__Work to be completed__
Each line of the listing, apart from the pictures, is to be printed exactly.

Provided data START

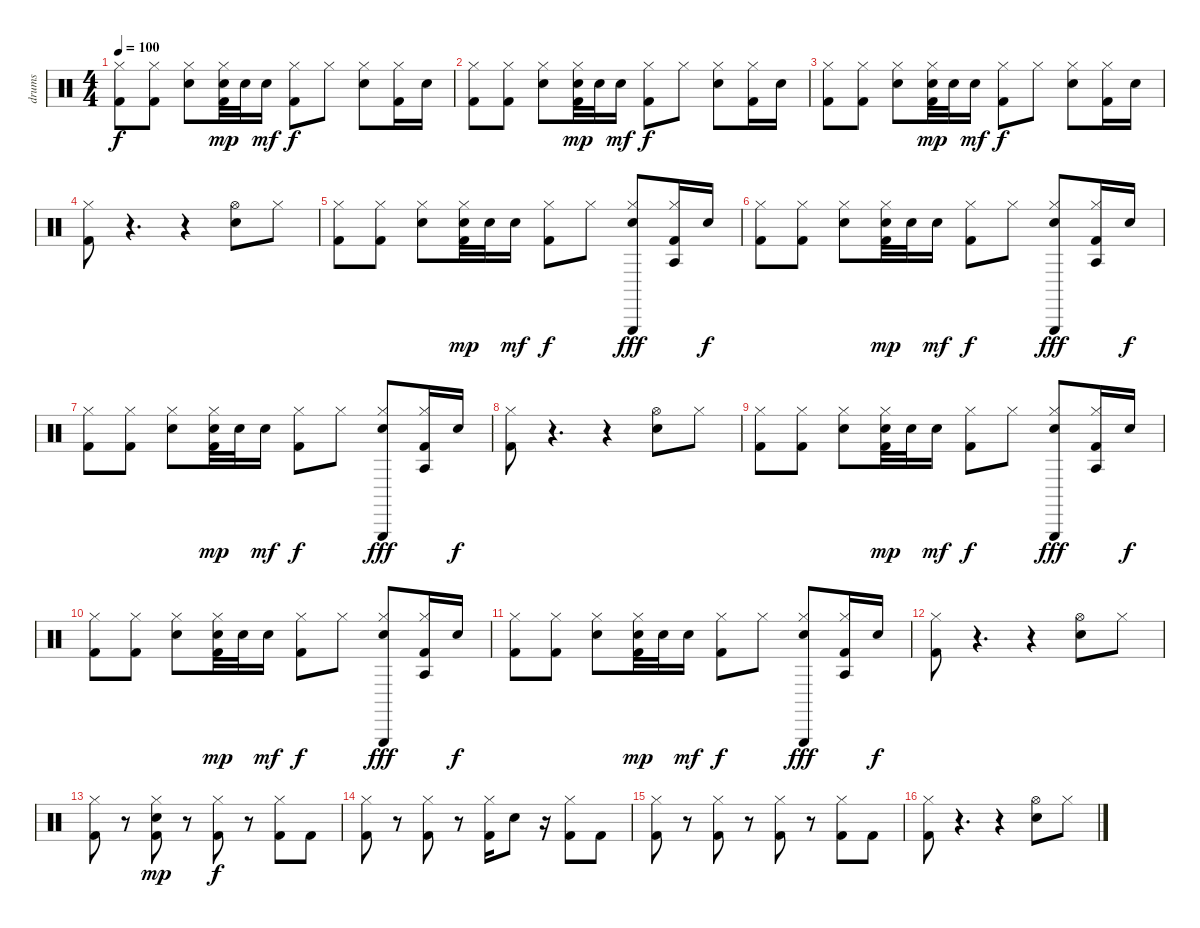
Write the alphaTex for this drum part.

\track ("drums" "drums") {instrument percussion}
\staff {score}
\articulation defaults
\ts (4 4)
\tempo 100
\clef neutral
\ks c
("Hi-Hat (closed)" "Kick (hit) 2").8{dy f} ("Hi-Hat (closed)" "Kick (hit) 2").8 ("Hi-Hat (closed)" "Electric Snare (hit)").8 ("Hi-Hat (closed)" "Electric Snare (hit)" "Kick (hit) 2").32{dy mp} "Electric Snare (hit)".32 "Electric Snare (hit)".16{dy mf} ("Hi-Hat (closed)" "Kick (hit) 2").8{dy f} "Hi-Hat (closed)".8 ("Hi-Hat (closed)" "Electric Snare (hit)").8 ("Hi-Hat (closed)" "Kick (hit) 2").16 "Electric Snare (hit)".16 |
("Hi-Hat (closed)" "Kick (hit) 2").8 ("Hi-Hat (closed)" "Kick (hit) 2").8 ("Hi-Hat (closed)" "Electric Snare (hit)").8 ("Hi-Hat (closed)" "Electric Snare (hit)" "Kick (hit) 2").32{dy mp} "Electric Snare (hit)".32 "Electric Snare (hit)".16{dy mf} ("Hi-Hat (closed)" "Kick (hit) 2").8{dy f} "Hi-Hat (closed)".8 ("Hi-Hat (closed)" "Electric Snare (hit)").8 ("Hi-Hat (closed)" "Kick (hit) 2").16 "Electric Snare (hit)".16 |
("Hi-Hat (closed)" "Kick (hit) 2").8 ("Hi-Hat (closed)" "Kick (hit) 2").8 ("Hi-Hat (closed)" "Electric Snare (hit)").8 ("Hi-Hat (closed)" "Electric Snare (hit)" "Kick (hit) 2").32{dy mp} "Electric Snare (hit)".32 "Electric Snare (hit)".16{dy mf} ("Hi-Hat (closed)" "Kick (hit) 2").8{dy f} "Hi-Hat (closed)".8 ("Hi-Hat (closed)" "Electric Snare (hit)").8 ("Hi-Hat (closed)" "Kick (hit) 2").16 "Electric Snare (hit)".16 |
("Hi-Hat (closed)" "Kick (hit) 2").8 r.4{d} r.4 ("Hi-Hat (open)" "Electric Snare (hit)").8 "Hi-Hat (closed)".8 |
("Hi-Hat (closed)" "Kick (hit) 2").8 ("Hi-Hat (closed)" "Kick (hit) 2").8 ("Hi-Hat (closed)" "Electric Snare (hit)").8 ("Hi-Hat (closed)" "Electric Snare (hit)" "Kick (hit) 2").32{dy mp} "Electric Snare (hit)".32 "Electric Snare (hit)".16{dy mf} ("Hi-Hat (closed)" "Kick (hit) 2").8{dy f} "Hi-Hat (closed)".8 ("Triangle (hit)" "Hi-Hat (closed)" "Electric Snare (hit)").8{dy fff} ("Agogo tow (hit)" "Hi-Hat (closed)" "Kick (hit) 2").16 "Electric Snare (hit)".16{dy f} |
("Hi-Hat (closed)" "Kick (hit) 2").8 ("Hi-Hat (closed)" "Kick (hit) 2").8 ("Hi-Hat (closed)" "Electric Snare (hit)").8 ("Hi-Hat (closed)" "Electric Snare (hit)" "Kick (hit) 2").32{dy mp} "Electric Snare (hit)".32 "Electric Snare (hit)".16{dy mf} ("Hi-Hat (closed)" "Kick (hit) 2").8{dy f} "Hi-Hat (closed)".8 ("Triangle (hit)" "Hi-Hat (closed)" "Electric Snare (hit)").8{dy fff} ("Agogo tow (hit)" "Hi-Hat (closed)" "Kick (hit) 2").16 "Electric Snare (hit)".16{dy f} |
("Hi-Hat (closed)" "Kick (hit) 2").8 ("Hi-Hat (closed)" "Kick (hit) 2").8 ("Hi-Hat (closed)" "Electric Snare (hit)").8 ("Hi-Hat (closed)" "Electric Snare (hit)" "Kick (hit) 2").32{dy mp} "Electric Snare (hit)".32 "Electric Snare (hit)".16{dy mf} ("Hi-Hat (closed)" "Kick (hit) 2").8{dy f} "Hi-Hat (closed)".8 ("Triangle (hit)" "Hi-Hat (closed)" "Electric Snare (hit)").8{dy fff} ("Agogo tow (hit)" "Hi-Hat (closed)" "Kick (hit) 2").16 "Electric Snare (hit)".16{dy f} |
("Hi-Hat (closed)" "Kick (hit) 2").8 r.4{d} r.4 ("Hi-Hat (open)" "Electric Snare (hit)").8 "Hi-Hat (closed)".8 |
("Hi-Hat (closed)" "Kick (hit) 2").8 ("Hi-Hat (closed)" "Kick (hit) 2").8 ("Hi-Hat (closed)" "Electric Snare (hit)").8 ("Hi-Hat (closed)" "Electric Snare (hit)" "Kick (hit) 2").32{dy mp} "Electric Snare (hit)".32 "Electric Snare (hit)".16{dy mf} ("Hi-Hat (closed)" "Kick (hit) 2").8{dy f} "Hi-Hat (closed)".8 ("Triangle (hit)" "Hi-Hat (closed)" "Electric Snare (hit)").8{dy fff} ("Agogo tow (hit)" "Hi-Hat (closed)" "Kick (hit) 2").16 "Electric Snare (hit)".16{dy f} |
("Hi-Hat (closed)" "Kick (hit) 2").8 ("Hi-Hat (closed)" "Kick (hit) 2").8 ("Hi-Hat (closed)" "Electric Snare (hit)").8 ("Hi-Hat (closed)" "Electric Snare (hit)" "Kick (hit) 2").32{dy mp} "Electric Snare (hit)".32 "Electric Snare (hit)".16{dy mf} ("Hi-Hat (closed)" "Kick (hit) 2").8{dy f} "Hi-Hat (closed)".8 ("Triangle (hit)" "Hi-Hat (closed)" "Electric Snare (hit)").8{dy fff} ("Agogo tow (hit)" "Hi-Hat (closed)" "Kick (hit) 2").16 "Electric Snare (hit)".16{dy f} |
("Hi-Hat (closed)" "Kick (hit) 2").8 ("Hi-Hat (closed)" "Kick (hit) 2").8 ("Hi-Hat (closed)" "Electric Snare (hit)").8 ("Hi-Hat (closed)" "Electric Snare (hit)" "Kick (hit) 2").32{dy mp} "Electric Snare (hit)".32 "Electric Snare (hit)".16{dy mf} ("Hi-Hat (closed)" "Kick (hit) 2").8{dy f} "Hi-Hat (closed)".8 ("Triangle (hit)" "Hi-Hat (closed)" "Electric Snare (hit)").8{dy fff} ("Agogo tow (hit)" "Hi-Hat (closed)" "Kick (hit) 2").16 "Electric Snare (hit)".16{dy f} |
("Hi-Hat (closed)" "Kick (hit) 2").8 r.4{d} r.4 ("Hi-Hat (open)" "Electric Snare (hit)").8 "Hi-Hat (closed)".8 |
("Hi-Hat (closed)" "Kick (hit) 2").8 r.8 ("Hi-Hat (closed)" "Electric Snare (hit)" "Kick (hit) 2").8{dy mp} r.8 ("Hi-Hat (closed)" "Kick (hit) 2").8{dy f} r.8 ("Hi-Hat (closed)" "Kick (hit) 2").8 "Kick (hit) 2".8 |
("Hi-Hat (closed)" "Kick (hit) 2").8 r.8 ("Hi-Hat (closed)" "Kick (hit) 2").8 r.8 ("Hi-Hat (closed)" "Kick (hit) 2").16 "Electric Snare (hit)".8 r.16 ("Hi-Hat (closed)" "Kick (hit) 2").8 "Kick (hit) 2".8 |
("Hi-Hat (closed)" "Kick (hit) 2").8 r.8 ("Hi-Hat (closed)" "Kick (hit) 2").8 r.8 ("Hi-Hat (closed)" "Kick (hit) 2").8 r.8 ("Hi-Hat (closed)" "Kick (hit) 2").8 "Kick (hit) 2".8 |
("Hi-Hat (closed)" "Kick (hit) 2").8 r.4{d} r.4 ("Hi-Hat (open)" "Electric Snare (hit)").8 "Hi-Hat (closed)".8

Provided data END

__Result of the exercise__
Write the alphaTex for this drum part.

\track ("drums" "drums") {instrument percussion}
\staff {score}
\articulation defaults
\ts (4 4)
\tempo 100
\clef neutral
\ks c
("Hi-Hat (closed)" "Kick (hit) 2").8{dy f} ("Hi-Hat (closed)" "Kick (hit) 2").8 ("Hi-Hat (closed)" "Electric Snare (hit)").8 ("Hi-Hat (closed)" "Electric Snare (hit)" "Kick (hit) 2").32{dy mp} "Electric Snare (hit)".32 "Electric Snare (hit)".16{dy mf} ("Hi-Hat (closed)" "Kick (hit) 2").8{dy f} "Hi-Hat (closed)".8 ("Hi-Hat (closed)" "Electric Snare (hit)").8 ("Hi-Hat (closed)" "Kick (hit) 2").16 "Electric Snare (hit)".16 |
("Hi-Hat (closed)" "Kick (hit) 2").8 ("Hi-Hat (closed)" "Kick (hit) 2").8 ("Hi-Hat (closed)" "Electric Snare (hit)").8 ("Hi-Hat (closed)" "Electric Snare (hit)" "Kick (hit) 2").32{dy mp} "Electric Snare (hit)".32 "Electric Snare (hit)".16{dy mf} ("Hi-Hat (closed)" "Kick (hit) 2").8{dy f} "Hi-Hat (closed)".8 ("Hi-Hat (closed)" "Electric Snare (hit)").8 ("Hi-Hat (closed)" "Kick (hit) 2").16 "Electric Snare (hit)".16 |
("Hi-Hat (closed)" "Kick (hit) 2").8 ("Hi-Hat (closed)" "Kick (hit) 2").8 ("Hi-Hat (closed)" "Electric Snare (hit)").8 ("Hi-Hat (closed)" "Electric Snare (hit)" "Kick (hit) 2").32{dy mp} "Electric Snare (hit)".32 "Electric Snare (hit)".16{dy mf} ("Hi-Hat (closed)" "Kick (hit) 2").8{dy f} "Hi-Hat (closed)".8 ("Hi-Hat (closed)" "Electric Snare (hit)").8 ("Hi-Hat (closed)" "Kick (hit) 2").16 "Electric Snare (hit)".16 |
("Hi-Hat (closed)" "Kick (hit) 2").8 r.4{d} r.4 ("Hi-Hat (open)" "Electric Snare (hit)").8 "Hi-Hat (closed)".8 |
("Hi-Hat (closed)" "Kick (hit) 2").8 ("Hi-Hat (closed)" "Kick (hit) 2").8 ("Hi-Hat (closed)" "Electric Snare (hit)").8 ("Hi-Hat (closed)" "Electric Snare (hit)" "Kick (hit) 2").32{dy mp} "Electric Snare (hit)".32 "Electric Snare (hit)".16{dy mf} ("Hi-Hat (closed)" "Kick (hit) 2").8{dy f} "Hi-Hat (closed)".8 ("Triangle (hit)" "Hi-Hat (closed)" "Electric Snare (hit)").8{dy fff} ("Agogo tow (hit)" "Hi-Hat (closed)" "Kick (hit) 2").16 "Electric Snare (hit)".16{dy f} |
("Hi-Hat (closed)" "Kick (hit) 2").8 ("Hi-Hat (closed)" "Kick (hit) 2").8 ("Hi-Hat (closed)" "Electric Snare (hit)").8 ("Hi-Hat (closed)" "Electric Snare (hit)" "Kick (hit) 2").32{dy mp} "Electric Snare (hit)".32 "Electric Snare (hit)".16{dy mf} ("Hi-Hat (closed)" "Kick (hit) 2").8{dy f} "Hi-Hat (closed)".8 ("Triangle (hit)" "Hi-Hat (closed)" "Electric Snare (hit)").8{dy fff} ("Agogo tow (hit)" "Hi-Hat (closed)" "Kick (hit) 2").16 "Electric Snare (hit)".16{dy f} |
("Hi-Hat (closed)" "Kick (hit) 2").8 ("Hi-Hat (closed)" "Kick (hit) 2").8 ("Hi-Hat (closed)" "Electric Snare (hit)").8 ("Hi-Hat (closed)" "Electric Snare (hit)" "Kick (hit) 2").32{dy mp} "Electric Snare (hit)".32 "Electric Snare (hit)".16{dy mf} ("Hi-Hat (closed)" "Kick (hit) 2").8{dy f} "Hi-Hat (closed)".8 ("Triangle (hit)" "Hi-Hat (closed)" "Electric Snare (hit)").8{dy fff} ("Agogo tow (hit)" "Hi-Hat (closed)" "Kick (hit) 2").16 "Electric Snare (hit)".16{dy f} |
("Hi-Hat (closed)" "Kick (hit) 2").8 r.4{d} r.4 ("Hi-Hat (open)" "Electric Snare (hit)").8 "Hi-Hat (closed)".8 |
("Hi-Hat (closed)" "Kick (hit) 2").8 ("Hi-Hat (closed)" "Kick (hit) 2").8 ("Hi-Hat (closed)" "Electric Snare (hit)").8 ("Hi-Hat (closed)" "Electric Snare (hit)" "Kick (hit) 2").32{dy mp} "Electric Snare (hit)".32 "Electric Snare (hit)".16{dy mf} ("Hi-Hat (closed)" "Kick (hit) 2").8{dy f} "Hi-Hat (closed)".8 ("Triangle (hit)" "Hi-Hat (closed)" "Electric Snare (hit)").8{dy fff} ("Agogo tow (hit)" "Hi-Hat (closed)" "Kick (hit) 2").16 "Electric Snare (hit)".16{dy f} |
("Hi-Hat (closed)" "Kick (hit) 2").8 ("Hi-Hat (closed)" "Kick (hit) 2").8 ("Hi-Hat (closed)" "Electric Snare (hit)").8 ("Hi-Hat (closed)" "Electric Snare (hit)" "Kick (hit) 2").32{dy mp} "Electric Snare (hit)".32 "Electric Snare (hit)".16{dy mf} ("Hi-Hat (closed)" "Kick (hit) 2").8{dy f} "Hi-Hat (closed)".8 ("Triangle (hit)" "Hi-Hat (closed)" "Electric Snare (hit)").8{dy fff} ("Agogo tow (hit)" "Hi-Hat (closed)" "Kick (hit) 2").16 "Electric Snare (hit)".16{dy f} |
("Hi-Hat (closed)" "Kick (hit) 2").8 ("Hi-Hat (closed)" "Kick (hit) 2").8 ("Hi-Hat (closed)" "Electric Snare (hit)").8 ("Hi-Hat (closed)" "Electric Snare (hit)" "Kick (hit) 2").32{dy mp} "Electric Snare (hit)".32 "Electric Snare (hit)".16{dy mf} ("Hi-Hat (closed)" "Kick (hit) 2").8{dy f} "Hi-Hat (closed)".8 ("Triangle (hit)" "Hi-Hat (closed)" "Electric Snare (hit)").8{dy fff} ("Agogo tow (hit)" "Hi-Hat (closed)" "Kick (hit) 2").16 "Electric Snare (hit)".16{dy f} |
("Hi-Hat (closed)" "Kick (hit) 2").8 r.4{d} r.4 ("Hi-Hat (open)" "Electric Snare (hit)").8 "Hi-Hat (closed)".8 |
("Hi-Hat (closed)" "Kick (hit) 2").8 r.8 ("Hi-Hat (closed)" "Electric Snare (hit)" "Kick (hit) 2").8{dy mp} r.8 ("Hi-Hat (closed)" "Kick (hit) 2").8{dy f} r.8 ("Hi-Hat (closed)" "Kick (hit) 2").8 "Kick (hit) 2".8 |
("Hi-Hat (closed)" "Kick (hit) 2").8 r.8 ("Hi-Hat (closed)" "Kick (hit) 2").8 r.8 ("Hi-Hat (closed)" "Kick (hit) 2").16 "Electric Snare (hit)".8 r.16 ("Hi-Hat (closed)" "Kick (hit) 2").8 "Kick (hit) 2".8 |
("Hi-Hat (closed)" "Kick (hit) 2").8 r.8 ("Hi-Hat (closed)" "Kick (hit) 2").8 r.8 ("Hi-Hat (closed)" "Kick (hit) 2").8 r.8 ("Hi-Hat (closed)" "Kick (hit) 2").8 "Kick (hit) 2".8 |
("Hi-Hat (closed)" "Kick (hit) 2").8 r.4{d} r.4 ("Hi-Hat (open)" "Electric Snare (hit)").8 "Hi-Hat (closed)".8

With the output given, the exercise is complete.